14. La mitsva et les instruments de la mitsva

Puisque cette mitsva est également appelée dérekh erets (loi naturelle, bonnes manières), il va de soi qu’elle doit s’accomplir dans le plaisir et la joie, suivant la voie commune à l’humanité. L’encadrement de ce vif désir naturel par la mitsva n’est pas destiné à le museler, mais à révéler sa valeur sainte, et à l’orienter conformément à la halakha, afin qu’il puisse s’assouvir, dans le dévouement, tout au long des années. Toutefois, il reste à se demander s’il y a quelque valeur à ce que l’homme et la femme intensifient chacun son propre désir, et s’efforcent eux-mêmes d’éprouver autant de plaisir et de joie que possible, ou s’il leur suffit de s’appliquer à se réjouir l’un l’autre.

On peut, semble-t-il, appliquer à ce domaine une distinction halakhique importante : il existe, d’un côté, la mitsva, et de l’autre les instruments de la mitsva (makhchiré mitsva). La mitsva qui incombe à l’homme est d’apporter jouissance à sa femme, tandis que le fait qu’il éprouve lui-même de la jouissance est considéré comme un instrument (un moyen) de la mitsva. En effet, grâce à cela, l’homme aura davantage d’envie et de volonté de réjouir son épouse. Selon la halakha, les instruments de la mitsva sont assimilés à la mitsva elle-même ; cela, à condition qu’ils se joignent à celle-ci. En d’autres termes, lorsque l’homme réussit à réjouir son épouse, la propre joie qu’il éprouve participe aussi de la mitsva ; et plus il apportera de joie à son épouse, plus grande sera sa mitsva, de sorte que, par-là même, la joie qu’il éprouvera personnellement sera, elle aussi, considérée comme participant d’une mitsva plus grande. Par contre, s’il ne parvient pas à apporter jouissance à son épouse, la jouissance personnelle qu’il éprouvera ne sera pas constitutive d’une mitsva. Cependant, cette jouissance aura tout de même une valeur élémentaire, en ce qu’elle le préservera de la faute, comme nous l’avons vu ci-dessus (§ 3 et 5).

Même chose du côté de la femme : lorsqu’elle réjouit son mari, elle accomplit une mitsva, tandis que le plaisir personnel qu’elle éprouve est, à son égard, un instrument de la mitsva. Et plus elle parviendra à donner de jouissance à son mari, plus grande sera la valeur de la propre jouissance qu’elle éprouve.
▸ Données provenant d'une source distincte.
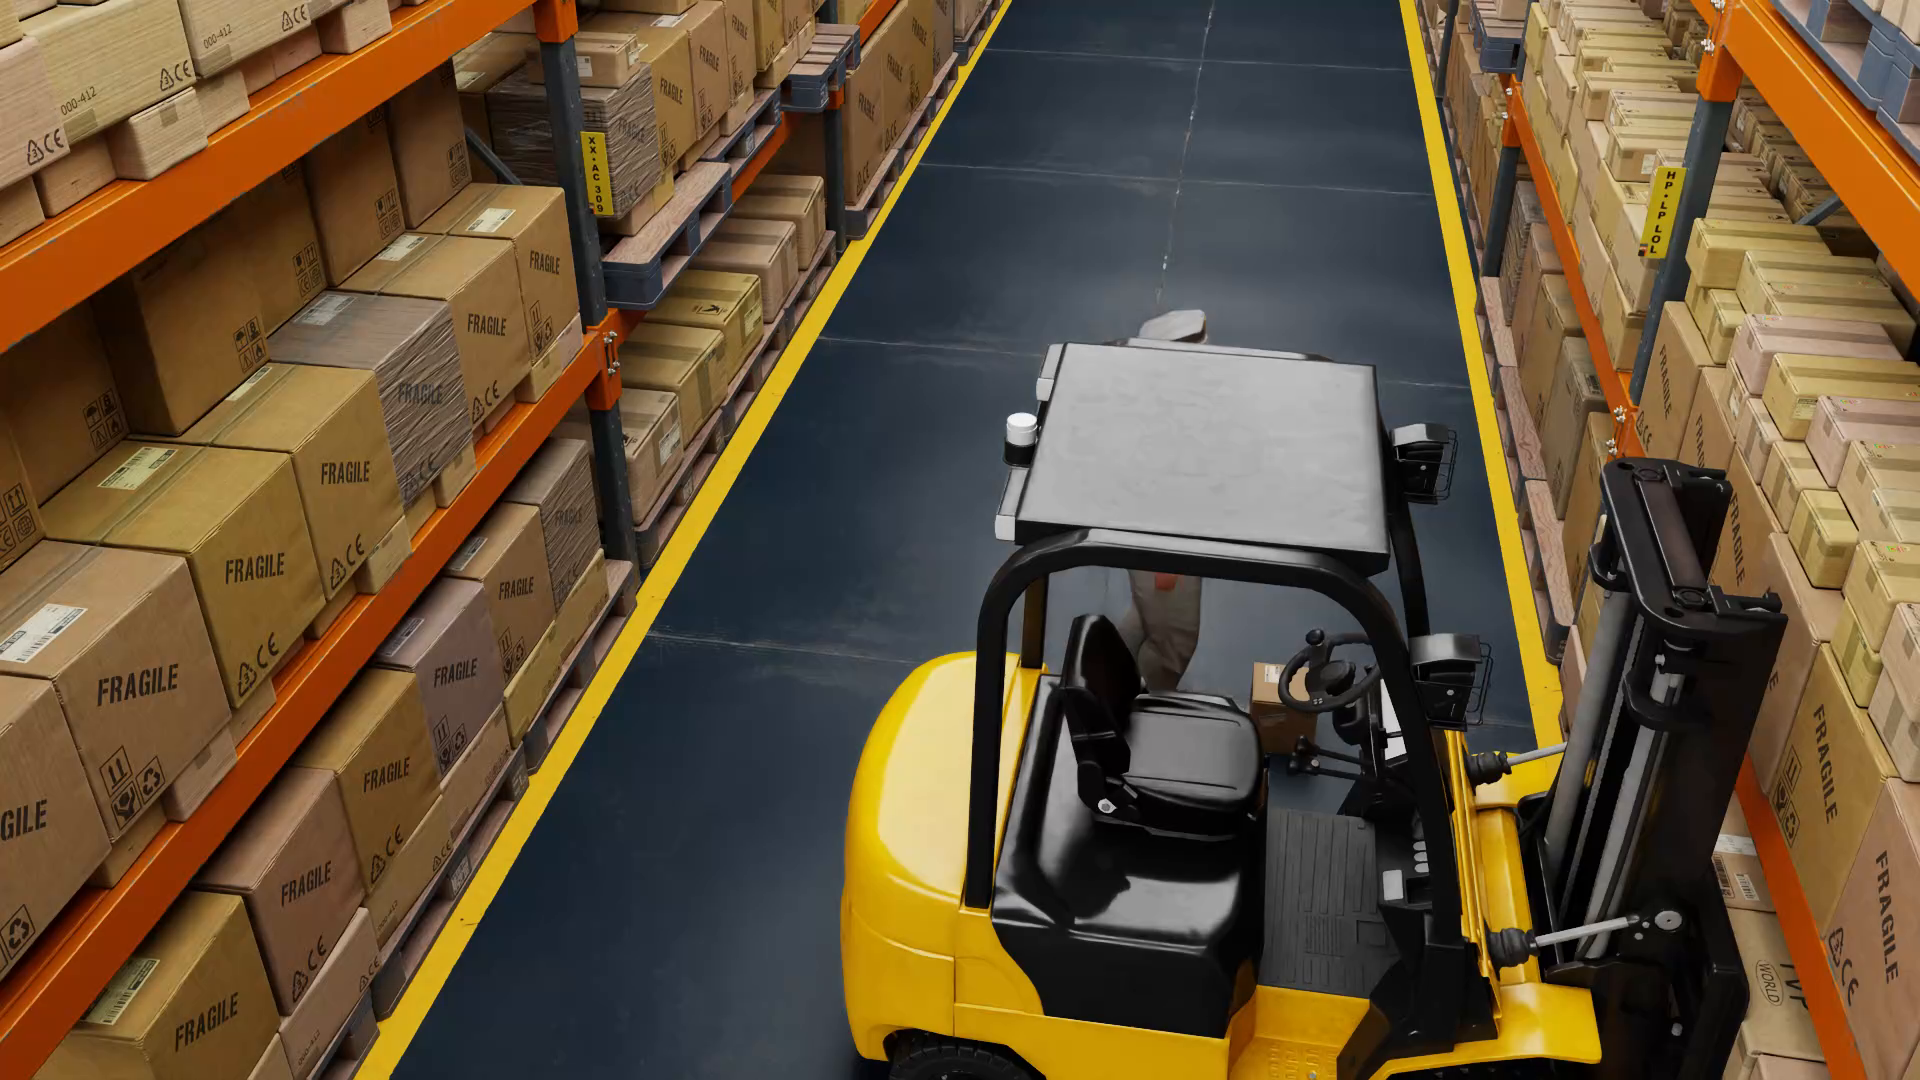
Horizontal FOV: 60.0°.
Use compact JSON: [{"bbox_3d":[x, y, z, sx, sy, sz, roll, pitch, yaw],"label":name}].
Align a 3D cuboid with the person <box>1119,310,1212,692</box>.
[{"bbox_3d":[0.789,-0.018,6.163,0.420,1.777,0.526,6,33,9],"label":"person"}]
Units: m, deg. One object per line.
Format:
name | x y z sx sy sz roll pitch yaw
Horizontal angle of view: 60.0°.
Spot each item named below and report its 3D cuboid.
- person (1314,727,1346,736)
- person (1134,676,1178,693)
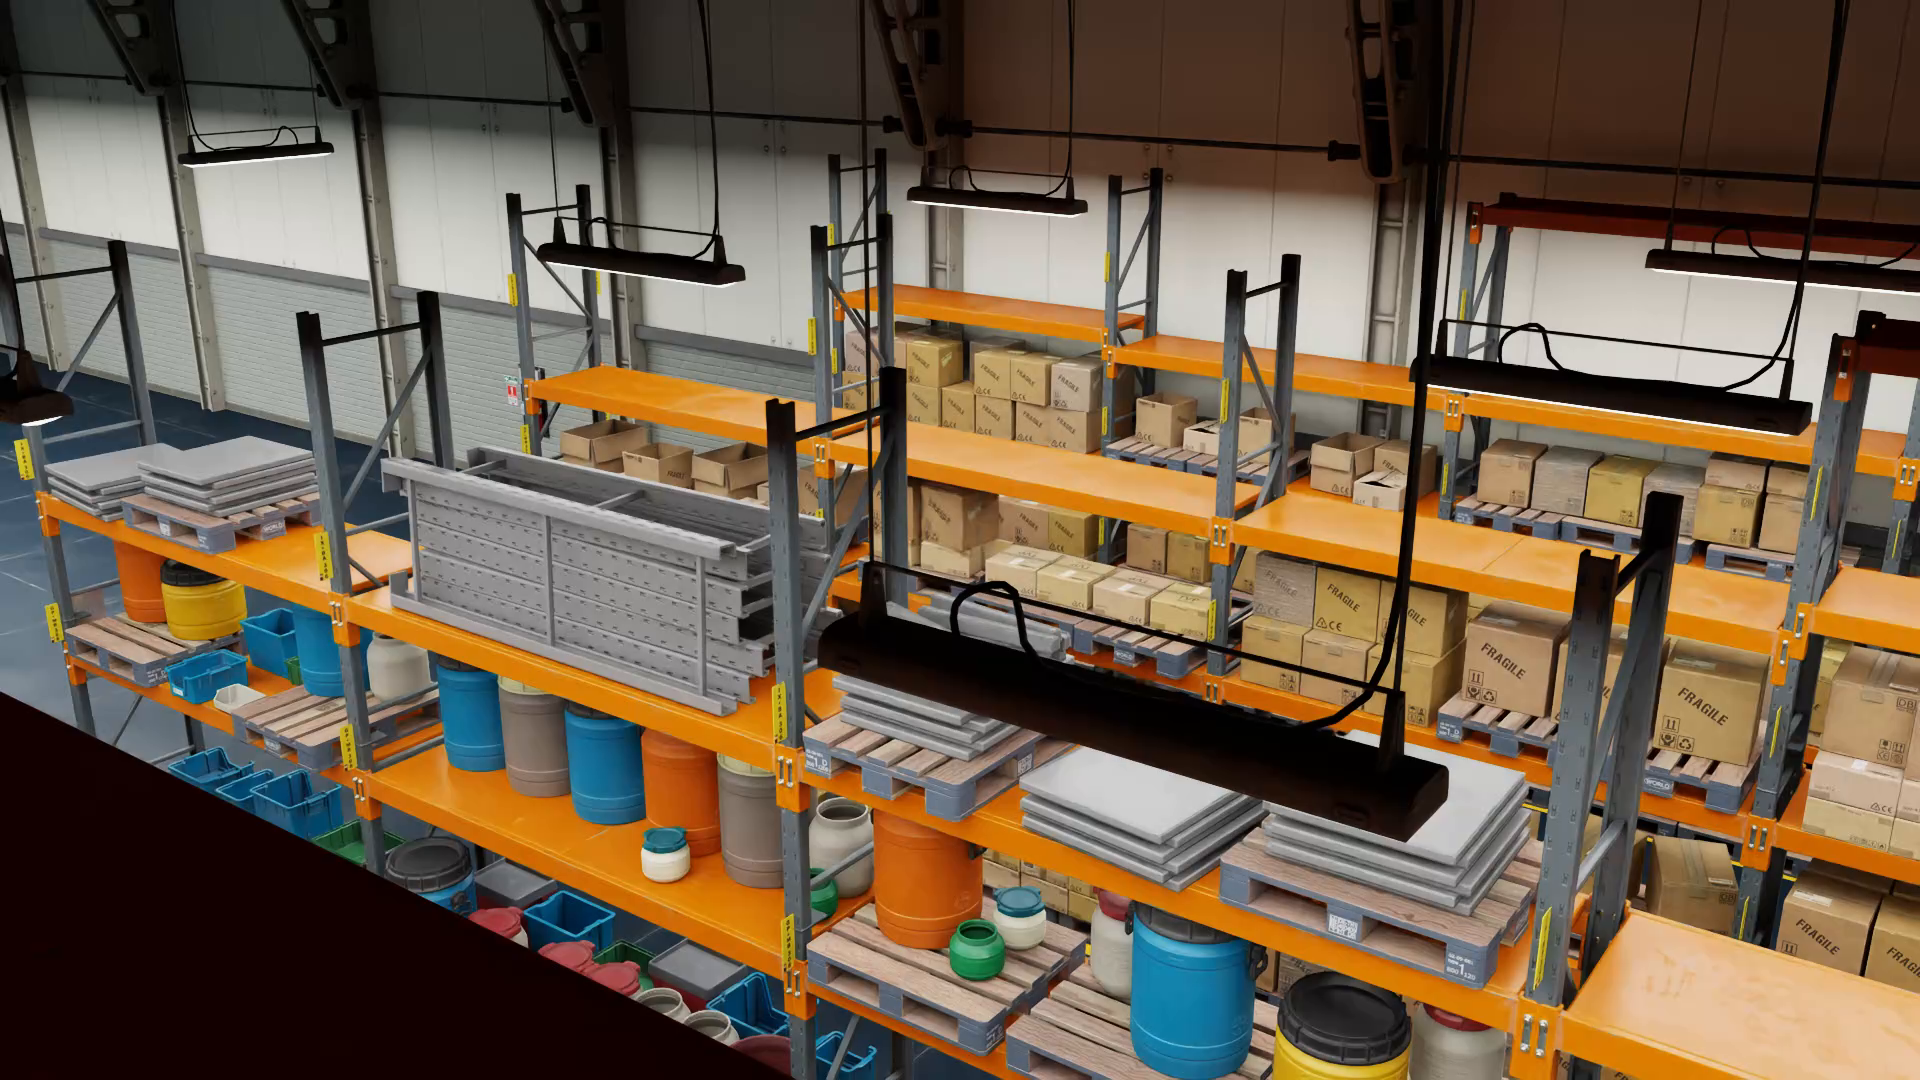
person | 3.797 1.866 17.081 0.994 1.533 0.421 12 22 33
person | 2.046 1.706 17.459 0.516 1.618 0.536 -15 24 -38
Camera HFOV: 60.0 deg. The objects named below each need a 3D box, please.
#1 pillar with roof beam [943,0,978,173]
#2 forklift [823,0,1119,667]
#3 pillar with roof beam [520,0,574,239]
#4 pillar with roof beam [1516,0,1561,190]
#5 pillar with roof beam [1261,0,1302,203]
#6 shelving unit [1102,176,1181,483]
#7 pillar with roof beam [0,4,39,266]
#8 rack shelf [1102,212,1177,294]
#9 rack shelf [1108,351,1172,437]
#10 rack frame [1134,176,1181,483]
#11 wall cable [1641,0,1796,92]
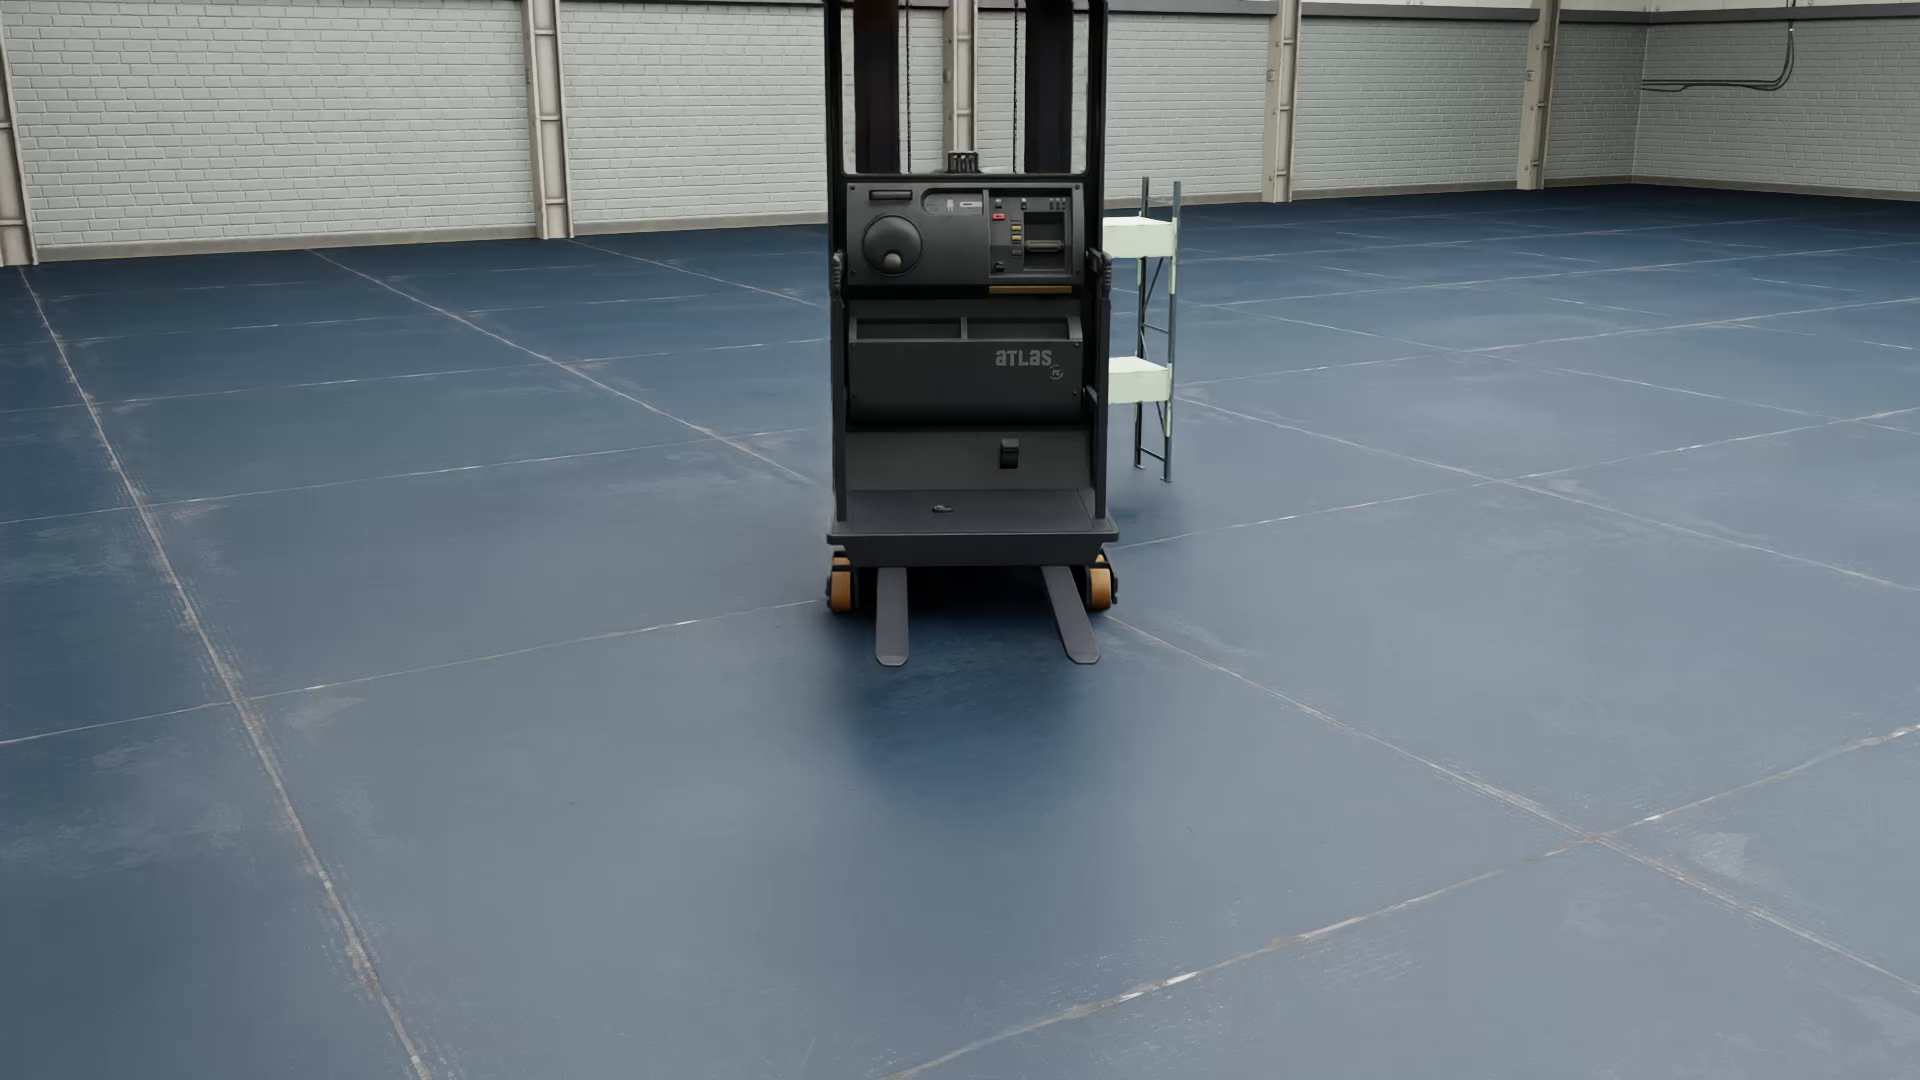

Si l’on approfondit davantage le sujet, on s’aperçoit que, par le fait qu’elle veuille jouir de l’union, et que, à cette fin, elle s’ouvre à son mari, lui donnant la possibilité de la réjouir d’une pleine joie, elle lui permet d’accomplir sa mitsva. Si bien que la jouissance qu’elle éprouve constitue un instrument de la mitsva de deux points de vue : grâce à elle, la femme donne à son mari le mérite d’accomplir la mitsva, et le désir croît en elle de le réjouir.

De même pour l’homme : la joie et le plaisir qu’il éprouve grâce à sa femme font partie des instruments de la mitsva à deux égards : par cela, le désir va croître en l’homme d’apporter plus de jouissance à sa femme, et il donnera à celle-ci le mérite d’accomplir sa propre mitsva, consistant dans le fait d’apporter à son mari jouissance.